By the 1980s and 1990s, symbolic methods matured into large-scale parsers, grammar formalisms (e.g., LFG, HPSG, CCG), discourse models, and expert systems, aiming to capture meaning with precise rules. 
However, they also revealed limitations: brittleness in handling ambiguity, domain transfer, and the high cost of manual rule engineering. These challenges eventually opened the door for statistical and neural methods, though symbolic representation remains foundational in areas like formal semantics, knowledge graphs, and explainable AI. Modern NLP often revisits symbolic traditions in hybrid systems, combining the interpretability of structured knowledge with the adaptability of neural models.

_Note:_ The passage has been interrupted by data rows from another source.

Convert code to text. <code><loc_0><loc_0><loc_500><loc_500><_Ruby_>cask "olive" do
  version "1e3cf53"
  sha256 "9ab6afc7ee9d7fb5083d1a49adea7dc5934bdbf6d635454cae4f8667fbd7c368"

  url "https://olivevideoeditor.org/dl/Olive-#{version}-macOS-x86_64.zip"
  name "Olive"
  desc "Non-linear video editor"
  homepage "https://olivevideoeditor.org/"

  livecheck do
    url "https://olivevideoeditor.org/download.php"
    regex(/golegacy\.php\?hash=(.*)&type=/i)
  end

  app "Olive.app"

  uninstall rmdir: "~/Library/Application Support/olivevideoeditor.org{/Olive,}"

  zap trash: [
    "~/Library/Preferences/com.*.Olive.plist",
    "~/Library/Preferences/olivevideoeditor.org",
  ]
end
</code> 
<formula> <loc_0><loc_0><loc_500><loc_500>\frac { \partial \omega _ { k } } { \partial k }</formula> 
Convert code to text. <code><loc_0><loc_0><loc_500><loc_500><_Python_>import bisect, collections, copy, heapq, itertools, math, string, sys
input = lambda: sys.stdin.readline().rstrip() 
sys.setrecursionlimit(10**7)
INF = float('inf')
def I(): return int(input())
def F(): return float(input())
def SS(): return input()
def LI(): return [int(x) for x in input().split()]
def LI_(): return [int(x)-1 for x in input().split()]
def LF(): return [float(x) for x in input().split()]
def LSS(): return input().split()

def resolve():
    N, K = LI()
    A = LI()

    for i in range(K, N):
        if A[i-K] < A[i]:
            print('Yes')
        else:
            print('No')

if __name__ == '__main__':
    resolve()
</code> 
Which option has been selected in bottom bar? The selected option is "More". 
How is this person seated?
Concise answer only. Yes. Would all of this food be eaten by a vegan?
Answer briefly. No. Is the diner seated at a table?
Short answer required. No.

![image.png](attachment:image.png)


### Distributional Hypothesis and Word Embedding

What does ongchoi mean? You will guess the meaning when you see the context of its usage: 
* Ong choi is delicious sautéed with garlic. 
* Ong choi is superb over rice
* Ong choi leaves with salty sauces

Because you already seen the following so you conclude that Ongchoi is leafy green like spinach, chard, or collard greens
* …spinach sautéed with garlic over rice
* Chard stems and leaves are delicious
* Collard greens and other salty leafy greens

We learned two kinds of vector representation: Sparse(TF-IDF) and Dense(Skipgram and CBOW). 
In this assignment, we will learn how to train word embedding with NGram, SkipGram, then please implement your own Continuous Bag-of-Words(CBOW) via pytorch and related libaries.

## Section 1.2. Train WordEmbedding via Neural Ngram Language Model(50')
Before we go in depth, let us do a few quick notes
about how to use embeddings in Pytorch and a further practice of Pytorch programming
in general. Similar to how we defined a unique index for each word when
making one-hot vectors in the Sparse vector representatio(Word-Term, Word-Word matrix), we also need to define an index for each word
when using embeddings. These will be keys into a lookup table. That is,
embeddings are stored as a $|V| \times D$ matrix, where $D$ is the
dimensionality of the embeddings, such that the word assigned index $i$
has its embedding stored in the $i$\'th row of the matrix. In all of my
code, the mapping from words to indices is a dictionary named
word\_to\_ix.

The module that allows you to use embeddings is torch.nn.Embedding,
which takes two arguments: the vocabulary size, and the dimensionality
of the embeddings.

To index into this table, you must use torch.LongTensor (since the
indices are integers, not floats).

In [1]:

import torch
import torch.nn as nn
import torch.nn.functional as F
import torch.optim as optim
# set a seed
torch.manual_seed(1)

# Let us assume a simple key-value dictionary to map each words into an index.
word_to_ix = {"hello": 0, "world": 1}
# Then we define a simple embedding layer in Pytorch
embeds = nn.Embedding(2, 5)  # 2 words in vocab, 5 dimensional embeddings
# We look up the embedding layer via the word indices.
lookup_tensor = torch.tensor([word_to_ix["hello"]], dtype=torch.long)
hello_embed = embeds(lookup_tensor)
print(hello_embed)
# Print the shape and type of the lookup tensor and the embedding
print(lookup_tensor.shape, lookup_tensor.dtype)
print(hello_embed.shape, hello_embed.dtype)

tensor([[ 0.6614,  0.2669,  0.0617,  0.6213, -0.4519]],
       grad_fn=<EmbeddingBackward0>)
torch.Size([1]) torch.int64
torch.Size([1, 5]) torch.float32


In [2]:
# Let use the glove embedding in the data folder and load it via pytorch
import numpy as np
embeddings_index = {}
with open("../data/glove.6B.50d-subset.txt", encoding='utf-8') as f:
    for line in f:
        values = line.split()
        word = values[0]
        coefs = np.asarray(values[1:], dtype='float32')
        embeddings_index[word] = coefs
print('Found %s word vectors.' % len(embeddings_index))

Found 14921 word vectors.


In [3]:
# Using a linux command to check how many lines in the glove.6B.50d-subset.txt
# It matches the number of word vectors we just loaded.
!wc -l ../data/glove.6B.50d-subset.txt

   14921 ../data/glove.6B.50d-subset.txt


### Another Pytorch Tutorial: Neural Network N-Gram Language Modeling (30')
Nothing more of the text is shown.